Common misapplication: Confusing economies of scale with improving returns. Scale is about spreading fixed costs over more units at a point in time. Improving returns are about the cumulative learning that reduces variable costs over the full production history. A competitor can match your scale by building a factory the same size. A competitor cannot match your improving returns without replicating your cumulative production history — which, by definition, takes time that cannot be compressed with capital.
Second misapplication: Assuming improving returns are permanent. Learning curves can plateau when the process reaches physical or theoretical limits. Moore's Law — the semiconductor industry's most famous improving returns curve — slowed dramatically after 2015 as transistor sizes approached atomic-scale limits. The improving returns machine that drove fifty years of exponential cost reduction began to stall not because learning stopped but because the physics imposed a boundary condition the learning curve couldn't transcend.
Section 4
The Mechanism
Section 5
Founders & Leaders in Action
The leaders below didn't stumble onto improving returns. Each deliberately designed their organizations to generate and capture cumulative learning — and then invested aggressively in the early, expensive portion of the learning curve when the payoff was years away and the skeptics were loudest.
What unites them is patience calibrated to the curve. Both understood that improving returns require upfront investment in volume and process before the cost advantages materialize — and both had the conviction to sustain that investment through years of negative cash flow while the learning accumulated.
Huang built NVIDIA into the most valuable semiconductor company in the world by riding an improving returns curve that he recognized two decades before the market did. NVIDIA's GPU architecture — designed for massively parallel computation — improved with each generation not just through better transistors but through cumulative software optimization. The CUDA platform, launched in 2006, created a feedback loop: developers who wrote code for NVIDIA's architecture generated libraries, tools, and educational materials that made the next generation of developers more productive. Each generation of hardware accumulated more software investment. Each generation of software accumulated more hardware optimization. By 2024, NVIDIA had over four million CUDA developers — a cumulative ecosystem asset that no competitor could replicate by building better chips alone. AMD and Intel could match NVIDIA's silicon performance on a spec sheet. They could not match the fifteen years of cumulative developer learning embedded in the CUDA ecosystem. Huang invested in CUDA for nearly a decade before it generated meaningful revenue. That patience — sustaining investment in the early, expensive part of the improving returns curve — is what separated NVIDIA from every GPU competitor that focused on hardware specifications without building the cumulative ecosystem that transforms hardware into a platform.

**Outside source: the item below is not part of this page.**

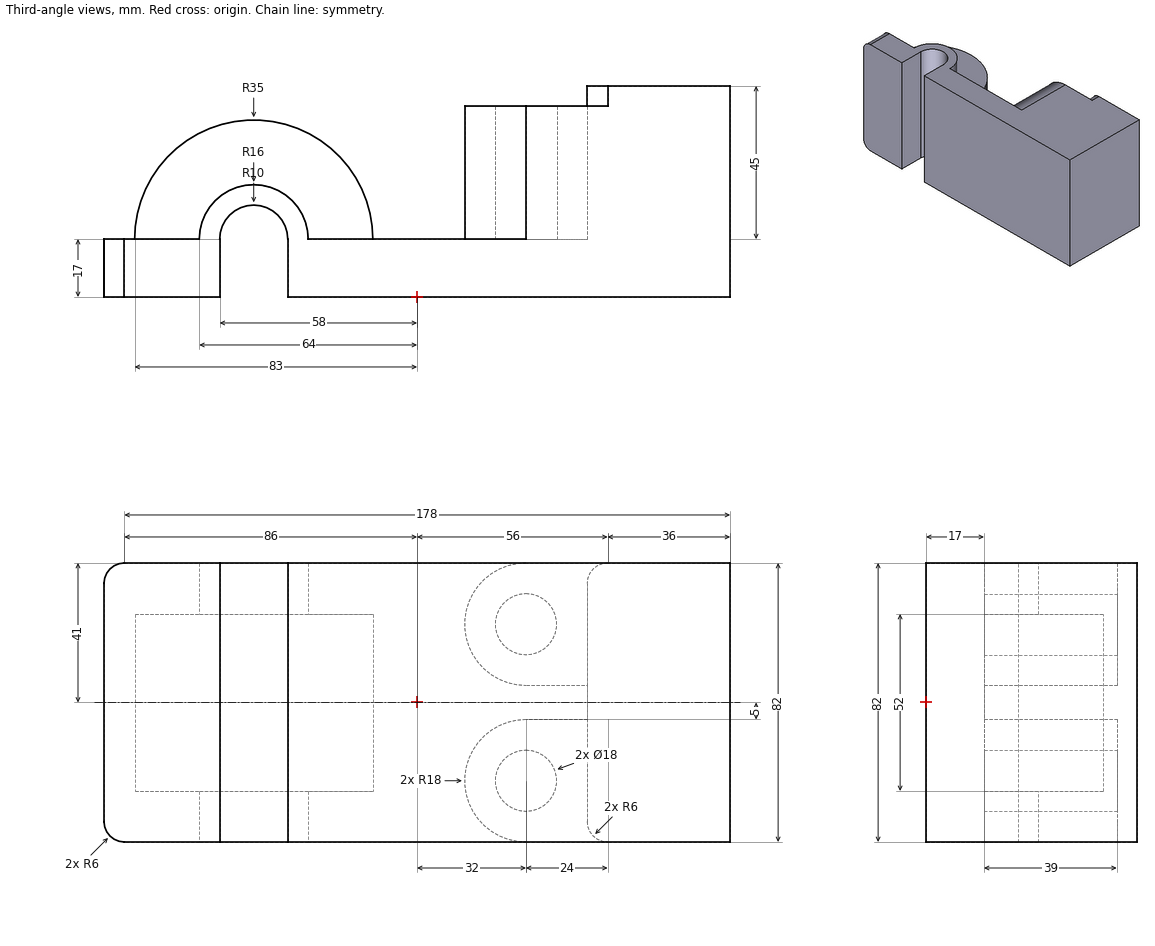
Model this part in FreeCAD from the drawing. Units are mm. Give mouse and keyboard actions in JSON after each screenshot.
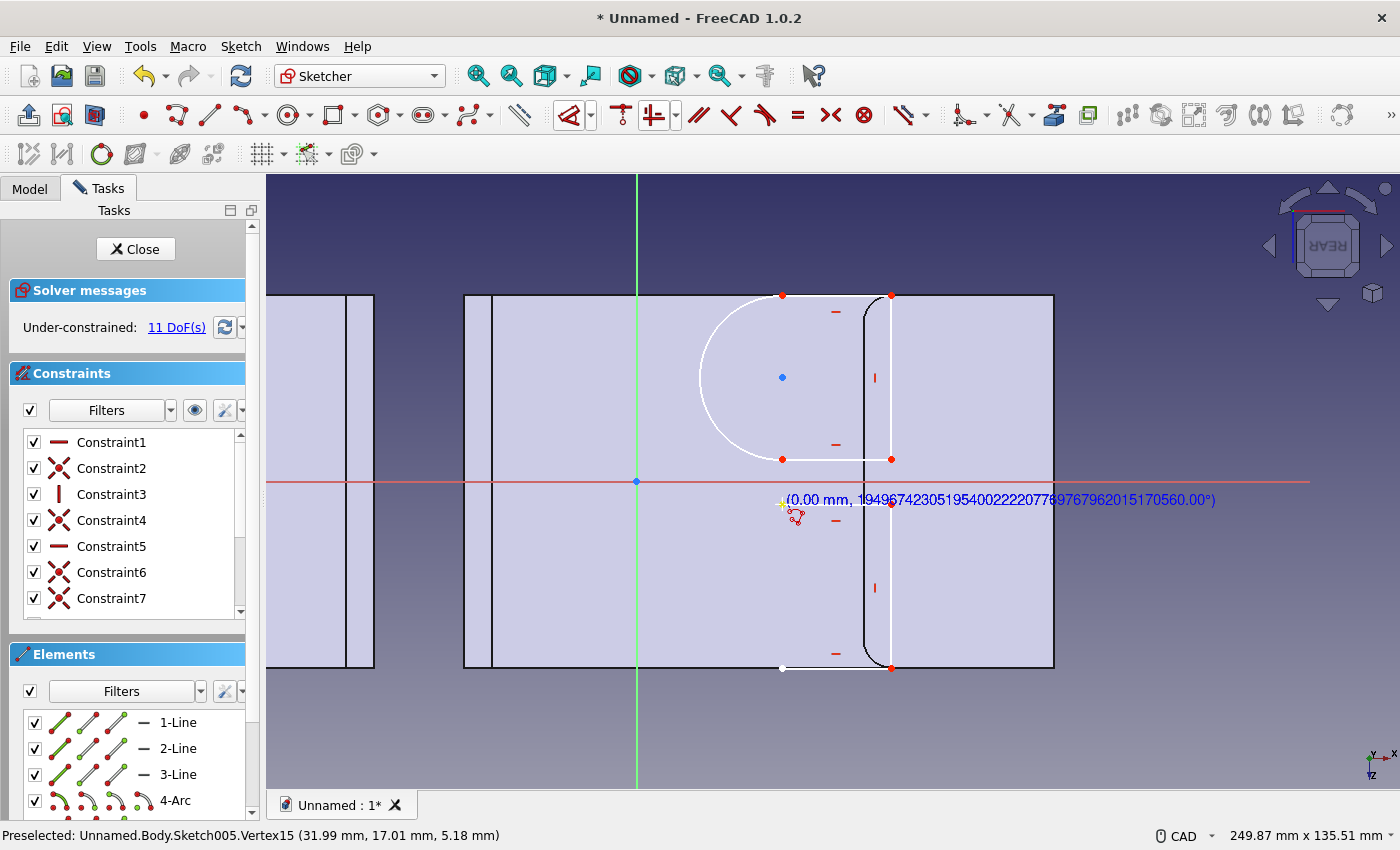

Musk bet Tesla's entire strategy on Wright's Law before most of the automotive industry had heard of it. The bet was explicit: battery costs would decline on a predictable curve as cumulative production increased, and the company that descended the curve fastest would achieve cost positions that latecomers could not match. Tesla's Gigafactory — a $5 billion investment announced in 2014 when EV skepticism was mainstream — was a Wright's Law machine. The factory was designed not for current demand but for the cumulative production volume required to drive battery costs below the threshold where electric vehicles achieve price parity with internal combustion engines. Musk published a version of the learning curve in investor presentations, showing the specific relationship between cumulative production and cost per kWh. By 2023, Tesla had produced over five million electric vehicles — cumulative experience that translated into battery pack costs roughly 30% lower than competitors entering the market at lower volumes. The Cybertruck, the Semi, and the anticipated affordable Model Q all depend on the same improving returns thesis: each vehicle produced drives further cost reduction that funds the next vehicle category. The strategy only works because the improving returns are real. Every competitor who enters the EV market starts higher on the cost curve than Tesla occupies — and closing the gap requires not capital but cumulative production that takes years to accumulate.
Section 6
Visual Explanation
The curve tells the story. The leader — the company that started earlier and has produced more cumulative units — sits lower on the cost curve at any given point in time. The entrant, even building an identical factory with identical technology, starts higher on the curve because they lack the cumulative production experience that drove the leader's cost position down. The vertical gap between the two curves at any given moment is the improving returns moat — a cost advantage that exists not because of current scale but because of historical learning. The three boxes at the bottom capture the mechanism: Wright's Law provides the mathematical relationship, the feedback loop explains why the advantage accelerates, and the moat explains why competitors cannot close the gap with capital alone.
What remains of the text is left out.